Aux militants d’imposer la grille d’analyse. À eux de définir l’espace de solutions dans lequel devront s’inscrire les politiciens. Il n’y a, hélas, rien à attendre des libéraux et de la CAQ qui jamais ne trouveront le coût assez élevé pour se dresser devant Ottawa. C’est du gouvernement péquiste et de tous ceux qui ont voté pour lui, des autres partis d’opposition et de la mobilisation de tous ceux et celles qui ne vont plus voter qu’il faut espérer un effort de redressement. La crise de Lac-Mégantic peut devenir un révélateur des conditions que nous impose le carcan canadian. Les voies de sortie de crise peuvent permettre d’identifier de puissants leviers de redéfinition du rapport Québec-Canada. Il faudra pour cela décoder les événements et envisager des solutions à partir d’une compréhension fine de notre intérêt national. On peut d’ores et déjà définir quatre grands axes de réflexion et d’orientation de la mobilisation.

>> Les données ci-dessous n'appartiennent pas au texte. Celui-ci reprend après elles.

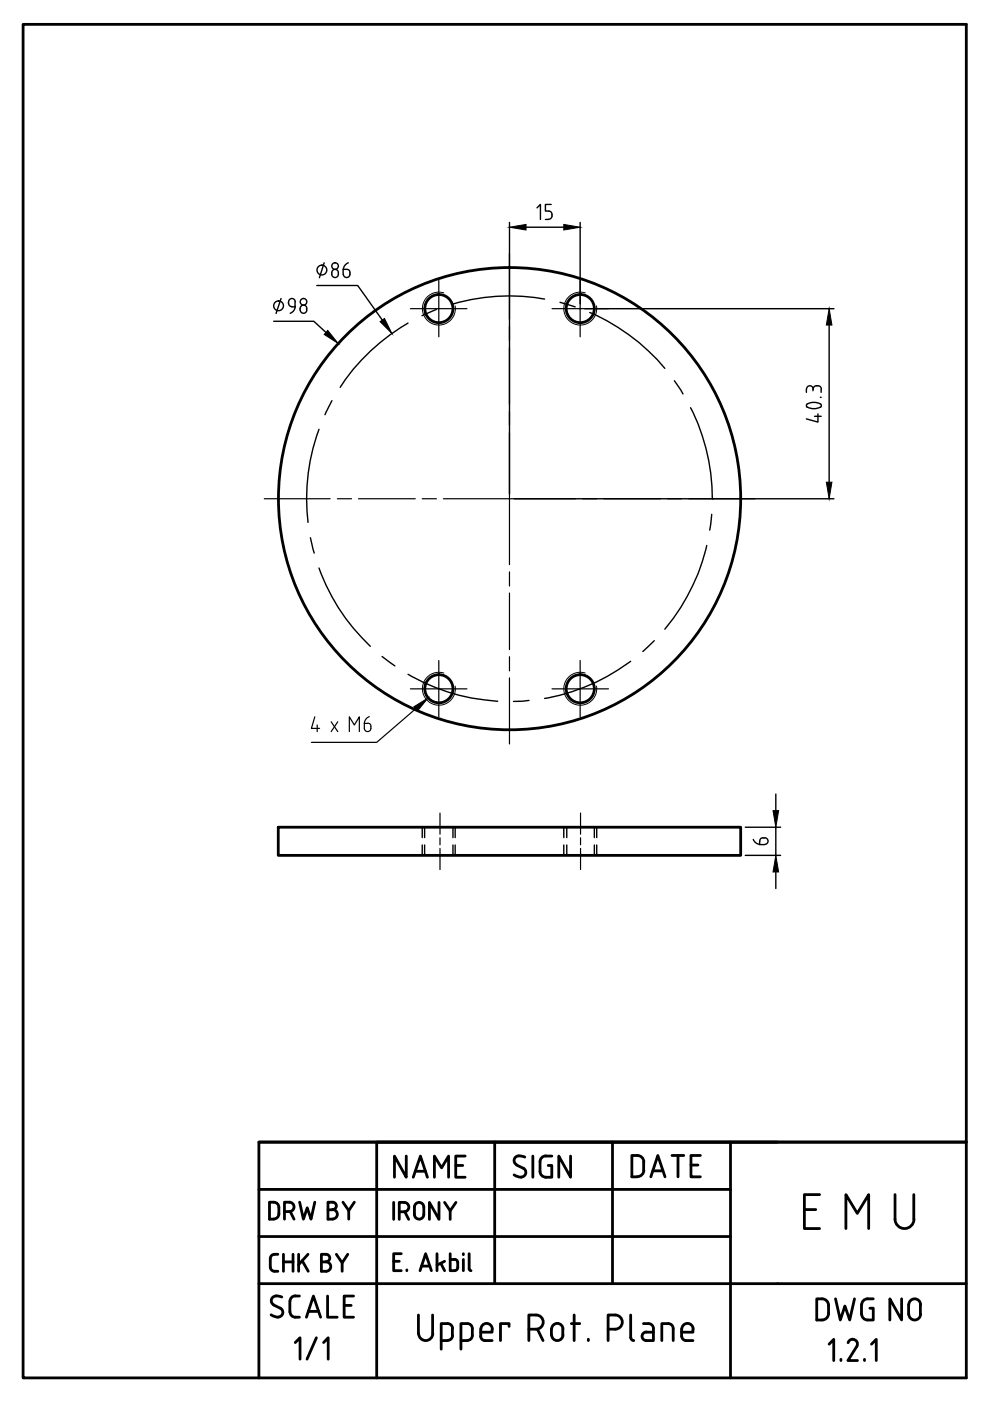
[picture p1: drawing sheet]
<svg xmlns="http://www.w3.org/2000/svg" width="210mm" height="297mm" viewBox="0 0 210 297" stroke-linecap="round" stroke-linejoin="round" font-family="sans-serif">
<!-- layer: 0 -->
<g fill="none" stroke="#000" stroke-width=".59">
<path d="M4.9 5.2h200v286.9h-200zM59 175.4h98v6h-98zM54.9 242.1h150h-50v50M54.9 252.2h100M59.1 257.4a1.08 1.08 0 0 1-1.1 1M59.1 257.4v-1.4a1.08 1.08 0 0 0-1.1-1.1h-.9v3.6h.9M60.3 256.9h1a.99 .99 0 0 0 1-1 .99 .99 0 0 0-1-1h-1v3.6M61.5 256.9l.8 1.6M63.5 254.9l.8 3.6 .8-2.4 .8 2.4 .8-3.6M69.5 256.5h1M70.5 254.9h-1v3.6h1M70.5 254.9a.78 .78 0 0 1 .8 .8 .78 .78 0 0 1-.8 .8 .99 .99 0 0 1 1 1 .99 .99 0 0 1-1 .9"/>
<path d="M72.7 254.9l1.2 1.8 1.2-1.8M73.9 256.7v1.8M83.5 254.9v3.6M84.7 256.9h1M85.7 254.9h-1v3.6M85.7 254.9a.99 .99 0 0 1 1 1 .99 .99 0 0 1-1 1M85.8 256.9l.8 1.6M86.1 245.1v4.5l-2.5-4.5v4.5M87.6 249.6l1.5-4.5 1.5 4.5M87.9 255.9v1.6a.99 .99 0 0 0 1 1 .99 .99 0 0 0 1-1v-1.6M88 248.3h2.2M89.9 255.9a.99 .99 0 0 0-1-1 .99 .99 0 0 0-1 1"/>
<path d="M92.1 249.6v-4.5l1.5 2.5 1.5-2.5v4.5M93.1 254.9v3.6l-2.1-3.6v3.6M94.3 254.9l1.1 1.8 1.3-1.8M95.4 256.7v1.8M96.6 247.1h1.5M98.6 245.1h-2v4.5h2M104.9 242.1h-25v50M109 249.1l.7 .4 .8 .1M109.5 247l1.4 .7a.99 .99 0 0 1 .6 1.1 .99 .99 0 0 1-1 .8M110 245.1a.99 .99 0 0 0-1 .7 .99 .99 0 0 0 .5 1.1M110 245.1l1.3 .2M113 245.1v4.5"/>
<path d="M114.5 248.3a1.25 1.25 0 0 0 1.2 1.3M115.7 245.1h1.3M115.7 245.1a1.25 1.25 0 0 0-1.2 1.2v2.1M116.2 247.1h.8v2.5h-1.3M121 245.1v4.5l-2.5-4.5v4.5M129.9 242.1h-25v30.1M135.1 249.5a1.38 1.38 0 0 0 1.4-1.4v-1.7a1.3 1.3 0 0 0-1.4-1.4h-1.1v4.5h1.1M138 249.5l1.5-4.5 1.5 4.5M138.4 248.2h2.1M142.5 245h2.5M143.7 245v4.5M146.5 247h1.5"/>
<path d="M148.5 245h-2v4.5h2M154.9 242.1h-25v30.1M164.9 242.1h-110v50M170.5 256.5h2.5M173.8 253.3h-3.3v7.2h3.3M189.8 253.3v5.2M189.8 258.5a2.01 2.01 0 0 0 2 2 2.01 2.01 0 0 0 2-2M193.7 253.3v5.2M54.9 262.2h100M54.9 272.2h150M57.3 266.9v1.7a.91 .91 0 0 0 .9 .9h.7M57.5 278.8l.7 .3 .8 .2"/>
<path d="M58.5 274.7l1.3 .3M58.5 274.8a.99 .99 0 0 0-1 .8 .99 .99 0 0 0 .6 1.1l1.3 .7M58.9 265.9a1.24 1.24 0 0 0-1.5 .6l-.1 .3M59.4 277.3a.99 .99 0 0 1 .5 1.2 .99 .99 0 0 1-.9 .7M60.1 265.9v3.6M60.1 267.5h2M61.5 275.9v2.3M61.5 278.2a1.12 1.12 0 0 0 1.1 1.1h.9M62.1 265.9v3.6M62.6 274.8h.9M62.6 274.7a1.12 1.12 0 0 0-1.1 1.2M63.3 265.9v3.6"/>
<path d="M64.1 267.3l1.2 2.2M65 279.3l1.4-4.5 1.6 4.5M65.3 265.9l-2 2.2M65.4 278h2.1M69.1 267.5a.78 .78 0 0 0 .8-.8 .78 .78 0 0 0-.8-.8h-1v3.6h1a.99 .99 0 0 0 1-1 .99 .99 0 0 0-1-1h-1M69.5 274.8v4.5h2M71.3 265.9l1.2 1.9 1.2-1.9M72.5 267.8v1.7M73 276.8h1.5M75 274.8h-2v4.5h2M83.5 267.4h1.2M85.1 265.8h-1.6v3.6h1.6"/>
<path d="M86.3 269.2v.2M88.7 278.8v3.9M89.1 269.4l1.1-3.6 1.3 3.6M89.4 268.4h1.7M91.7 278.8v3.9M92.7 265.8v3.6M93.5 267.8l.8 1.6M94.3 267.4l-1.6 .8M95.4 265.8v3.6h.9M95.4 267h.9M96.4 267a.7 .7 0 0 1 .7 .7M97.1 268.7a.7 .7 0 0 1-.7 .7"/>
<path d="M97.1 267.7v1M98.2 265.8v.2M98.2 267v2.4M99.5 265.8v3.2l.4 .4M113.7 278.8h-1.6v5.4M113.7 278.8a1.5 1.5 0 0 1 1.5 1.5 1.5 1.5 0 0 1-1.5 1.5M121.7 278.8v5.4M130.4 278.8h-1.5v5.4M130.4 278.8a1.5 1.5 0 0 1 1.5 1.5 1.5 1.5 0 0 1-1.5 1.5M133.7 278.8l.1 4.8a.61 .61 0 0 0 .6 .6M175.7 276.8a1.38 1.38 0 0 0-1.4-1.4h-1.1v4.5a2.08 2.08 0 0 0 2.2-.6l.3-.8v-1.7M177.2 275.4l1 4.5 .9-3 1.1 3 1-4.5"/>
<path d="M179.4 260.5v-7.2l2.4 4 2.4-4v7.2M182.7 276.6v2M184.4 277.4h.8v2.5h-1.3a1.25 1.25 0 0 1-1.2-1.3M185.2 275.4h-1.3a1.25 1.25 0 0 0-1.2 1.2M191.2 275.4v4.5l-2.5-4.5v4.5M192.6 276.6v2M192.7 276.6a1.25 1.25 0 0 1 1.2-1.2 1.25 1.25 0 0 1 1.3 1.2l-.1 2M192.7 278.6a1.25 1.25 0 0 0 1.2 1.3 1.25 1.25 0 0 0 1.3-1.3M62.6 284.6l1-1v4.6M67.1 283.6l-2 4.6M68.6 284.6l1-1v4.6M88.8 282.7a1.5 1.5 0 0 0 1.5 1.5 1.5 1.5 0 0 0 1.5-1.5"/>
<path d="M93.5 284.2h1.4M94.9 280.6h-1.4v5.4M94.9 280.6a1.04 1.04 0 0 1 1.1 1.1M95.9 281.7v1.5M96 283.1a1.04 1.04 0 0 1-1.1 1.1M97.7 284.2h1.4M99.1 280.6h-1.4v5.4M99.1 280.6a1.04 1.04 0 0 1 1 1.1v1.5a1.04 1.04 0 0 1-1 1M101.9 281.8v1.5a.91 .91 0 0 0 .9 .9h1.5M104.3 281.8v.6h-2.4M104.4 281.8a1.21 1.21 0 0 0-1.2-1.2 1.21 1.21 0 0 0-1.2 1.2M107.9 281.2v-.6h-1.8v3.6"/>
<path d="M112.1 281.8h1.6M113.9 281.8l1.2 2.4M116.9 281.8v1.2M117 283a1.21 1.21 0 0 0 1.2 1.2 1.21 1.21 0 0 0 1.2-1.2M119.3 281.8v1.2M119.4 281.8a1.21 1.21 0 0 0-1.2-1.2 1.21 1.21 0 0 0-1.2 1.2M121.1 280.6h1.8M124.7 283.9v.3M128.9 281.8h1.5M136.4 280.6h1.1a1.04 1.04 0 0 1 1 1.1v2.5h-1.5a.91 .91 0 0 1-.9-.9 .91 .91 0 0 1 .9-.9M137 282.4h1.5M140.3 284.2v-3.6h1.4a1.04 1.04 0 0 1 1 1.1v2.5"/>
<path d="M144.5 281.8v1.5M144.6 283.3a.91 .91 0 0 0 .9 .9h1.4M146.9 281.8v.6h-2.4M147 281.8a1.21 1.21 0 0 0-1.2-1.2 1.21 1.21 0 0 0-1.2 1.2M175.8 285l1-1v4.5M178.3 288.2v.3M179.8 284.7a1.01 1.01 0 0 1 1.4-.7 1.01 1.01 0 0 1 .5 1.5l-1.9 3h2M183.3 288.2v.3M184.8 285l1-1v4.5"/>
<circle cx="93.1" cy="65.4" r="2.98"/>
<circle cx="123" cy="65.4" r="2.98"/>
<circle cx="108" cy="105.7" r="49"/>
<circle cx="93.1" cy="146" r="2.98"/>
<circle cx="123" cy="146" r="2.98"/>
</g>
<!-- layer: AM_7 -->
<g fill="none" stroke="#000" stroke-width=".25">
<path d="M93 59.4v6h6M108 53.7v14M123 59.4v6h6M87 65.4h6v6M108 69.2v3M108 73.7v12M117 65.4h6v6M108 87.2v3M108 91.7v28M56 105.7h14M71.5 105.7h3M76 105.7h12"/>
<path d="M89.5 105.7h3M94 105.7h28M123.5 105.7h3M128 105.7h12M141.5 105.7h3M146 105.7h14M108 121.2v3M108 125.7v12.1M108 139.2v3M87 146.1h6v5.9M93 140v6.1h6M108 143.7v14"/>
<path d="M117 146.1h6v5.9M123 140v6.1h6M93.3 172.4v4.5M93.3 177.6v1.5M93.3 179.9v4.5M123.1 172.4v4.5M123.1 177.6v1.5M123.1 179.9v4.5"/>
</g>
<!-- layer: 0 -->
<path d="M94.1 62.1a3.5 3.5 0 0 0-4.5 2.8 3.5 3.5 0 0 0 3.5 4 3.5 3.5 0 0 0 3.4-4.1M124.1 62.1a3.5 3.5 0 0 0-4.5 2.8 3.5 3.5 0 0 0 3.5 4 3.5 3.5 0 0 0 3.4-4.1M94.1 142.7a3.5 3.5 0 0 0-4.5 2.8 3.5 3.5 0 0 0 3.5 4 3.5 3.5 0 0 0 3.4-4M124.1 142.7a3.5 3.5 0 0 0-4.5 2.8 3.5 3.5 0 0 0 3.5 4 3.5 3.5 0 0 0 3.4-4" fill="none" stroke="#000" stroke-width=".21"/>
<!-- layer: Center Lines -->
<g fill="none" stroke="#000" stroke-width=".3">
<path d="M86.5 68.5a42.5 42.5 0 0 0-14.4 13.6M92.5 65.6l-3 1.3M115.5 63.4a42.2 42.2 0 0 0-19.8 1.2M118.7 64.1l3.2 1M125 66.3a42.9 42.9 0 0 1 16 11.8M67.6 91a42.4 42.4 0 0 0-2.3 19.7M70.4 85l-1.5 2.9M143 80.7l1.8 2.8M146.4 86.4a42.3 42.3 0 0 1 4.6 19.3M65.8 114l.8 3.3M149.8 115.7a43 43 0 0 1-8.8 17.7M150.9 109.1l-.4 3.3"/>
<path d="M151 105.7h.1M67.6 120.4a42.3 42.3 0 0 0 10.9 16.6M81 139.2l2.7 2M138.7 135.8l-2.4 2.3M86.5 143a42.5 42.5 0 0 0 19 5.7M112.2 148.5l-3.3 .2M133.7 140.2a42.2 42.2 0 0 1-18.2 7.9"/>
</g>
<!-- layer: Hidden Line -->
<g fill="none" stroke="#000" stroke-width=".3">
<path d="M89.5 175.4v2.2M89.5 179.2v2.2M90 175.4v2.2M90 179.2v2.2M96 175.4v2.2M96 179.2v2.2M96.5 175.4v2.2M96.5 179.2v2.2M119.5 175.4v2.2M119.5 179.2v2.2M120.2 175.4v2.2M120.2 179.2v2.2"/>
<path d="M126 175.4v2.2M126 179.2v2.2M126.5 175.4v2.2M126.5 179.2v2.2"/>
</g>
<!-- layer: Annotations -->
<g fill="none" stroke="#000" stroke-width=".3">
<path d="M68.7 55.7l-1 3.2M70.5 57.3a.83 .83 0 0 1 1.3 .5 .83 .83 0 0 1-.8 1 .89 .89 0 0 1-.7-.6 .89 .89 0 0 1 .2-.9zM73.5 57.1h-.7v1a.73 .73 0 0 0 .9 .7 .73 .73 0 0 0 .5-1l-.2-.5-.5-.2M73.8 55.7a1.59 1.59 0 0 0-1 1.4M108 47.2v57.5M111.5 48.2h8M113.9 44.1l.7-.8v3.2M115.6 46.5h.7M116.3 44.7a.7 .7 0 0 1 .7 .7M116.9 43.3h-1.3v1.4h.7M117 45.5a.79 .79 0 0 1-.7 1M123 47.2v17.2"/>
<path d="M58 68.1h8.5l2.6 2.4M59.6 63.3l-1.1 3.2M61.2 64v.3M61.2 64.3a.7 .7 0 0 0 .7 .7M61.9 65.1h.7M62.6 64v.9M62.6 64a.7 .7 0 0 0-.7-.7 .7 .7 0 0 0-.7 .7M62.6 64.9a1.59 1.59 0 0 1-1.1 1.5M63.6 65.4v.3M63.7 65.7a.7 .7 0 0 0 .7 .7 .7 .7 0 0 0 .7-.7M65 65.4v.3M65.1 65.4a.7 .7 0 0 0-.7-.7 .7 .7 0 0 0-.7 .7"/>
<path d="M67.2 60.5h8.6l5.3 7.4M124 65.4h52.8M175.8 68.9v33.3M171 82.5v.7M171.2 86.4a.44 .44 0 0 1 0-.8l.9-.3h.9a.96 .96 0 0 1 1.1 .7l-.1 .4M171.2 86.3l1.4 .4 1.4-.4M172.4 82.5v.3M172.7 88.3h1.4M173.1 81.8a.81 .81 0 0 1 1 .7M173.1 81.8a.7 .7 0 0 0-.7 .7 .7 .7 0 0 0-.7-.7 .7 .7 0 0 0-.7 .7M173.4 87.8v1.7l-2.4-.7M173.9 84.2h.2"/>
<path d="M174.1 82.5v.7M109 105.7h67.8M158 175.4h7.5M159.7 178a1.59 1.59 0 0 0 1.4 1M161.8 177.7h.3M161.8 177.6l-.5 .2-.2 .5M162.1 177.6a.7 .7 0 0 1 .7 .7 .7 .7 0 0 1-.7 .7l-1 .1v-.7M164.5 168.4v3.5M164.5 175.4v6M158 181.4h7.5M164.5 184.9v3.5"/>
<circle cx="68.2" cy="57.3" r="1.04"/>
<circle cx="71" cy="56.4" r=".7"/>
<circle cx="59.1" cy="64.8" r="1.04"/>
<circle cx="64.4" cy="64" r=".7"/>
</g>
<path d="M108 48.2l3.5-.6v1.2zM119.5 47.6l3.5 .6-3.5 .6zM69.5 70.1l2.2 2.7-3-1.9zM80.6 68.2l.9-.7 1.6 3.2zM175.8 65.4l.6 3.5h-1.2zM175.2 102.2h1.2l-.6 3.5zM163.9 171.9h1.2l-.6 3.5zM164.5 181.4l.6 3.5h-1.2z" fill="#000" stroke="#000" stroke-width=".21"/>
<!-- layer: AM_5 -->
<path d="M66.7 152l-.7 2.4h1.8M67.3 153.7v1.4M70.2 153l1.4 2.1M71.6 153l-1.4 2.1M74.1 155.1v-3.1l1 1.7 1.1-1.7v3.1M77.9 153.3a.87 .87 0 0 1 .7 1 .87 .87 0 0 1-.9 .8l-.4-.4-.1-1.3h.7M78.3 151.9a1.59 1.59 0 0 0-1.1 1.4M88.1 150.3l-8.2 7.1h-13.9" fill="none" stroke="#000" stroke-width=".25"/>
<path d="M87.7 149.9l3-1.9-2.2 2.7z" fill="#000" stroke="#000" stroke-width=".21"/>
</svg>

L’axe politique. Il faudra aller au-delà des questions spécifiques provoquées par les affrontements sur les modalités de structuration des débats cherchant à savoir qui va payer. Il est évident et dans l’ordre des rapports d’assujettissement que c’est la province qui va casquer. Il faudra travailler à mieux décortiquer et faire comprendre, au travers le bruit médiatique et la guerre de propagande, la logique du régime qui nous condamne le plus souvent à l’impuissance et toujours à tenter de compenser par nous-mêmes et par nos seuls moyens les effets de choix qui sont fait ailleurs, par d’autres et sous la primauté de leurs intérêts. Il faut mener bataille sur la question des compétences, rendre explicite les mécanismes et les stratégies institutionnels qui serviront à faire diversion, qui produiront les mesures dilatoires.
Une mobilisation adéquate peut nous donner un rapport de force redoutable. Imaginons seulement que le gouvernement du Québec décide de boycotter tous les forums, comités et instances où se discute l’avenir du transport pétrolier, imaginons qu’il fasse d’un engagement solennel, assorti d’un premier versement de 500 millions de dollars, d’Ottawa à rembourser intégralement les coûts de restauration de Lac-Mégantic la condition de reprise de toute discussion avec les compagnies canadian, les gouvernements provinciaux et les instances fédérales de sa participation à quelques discussions que ce soit. Pas de participation au comité avec l’Alberta, pas de réponse à Irving qui veut acheter MMA, aucune disponibilité pour les lobbyistes pétroliers, etc. Imaginons qu’il lance en parallèle une commission d’examen et d’enquête – dont les frais seront ultimement compris dans un éventuel accord de compensation – dont le mandat serait d’examiner l’impact de l’économie pétrolière canadienne sur l’économie du Québec.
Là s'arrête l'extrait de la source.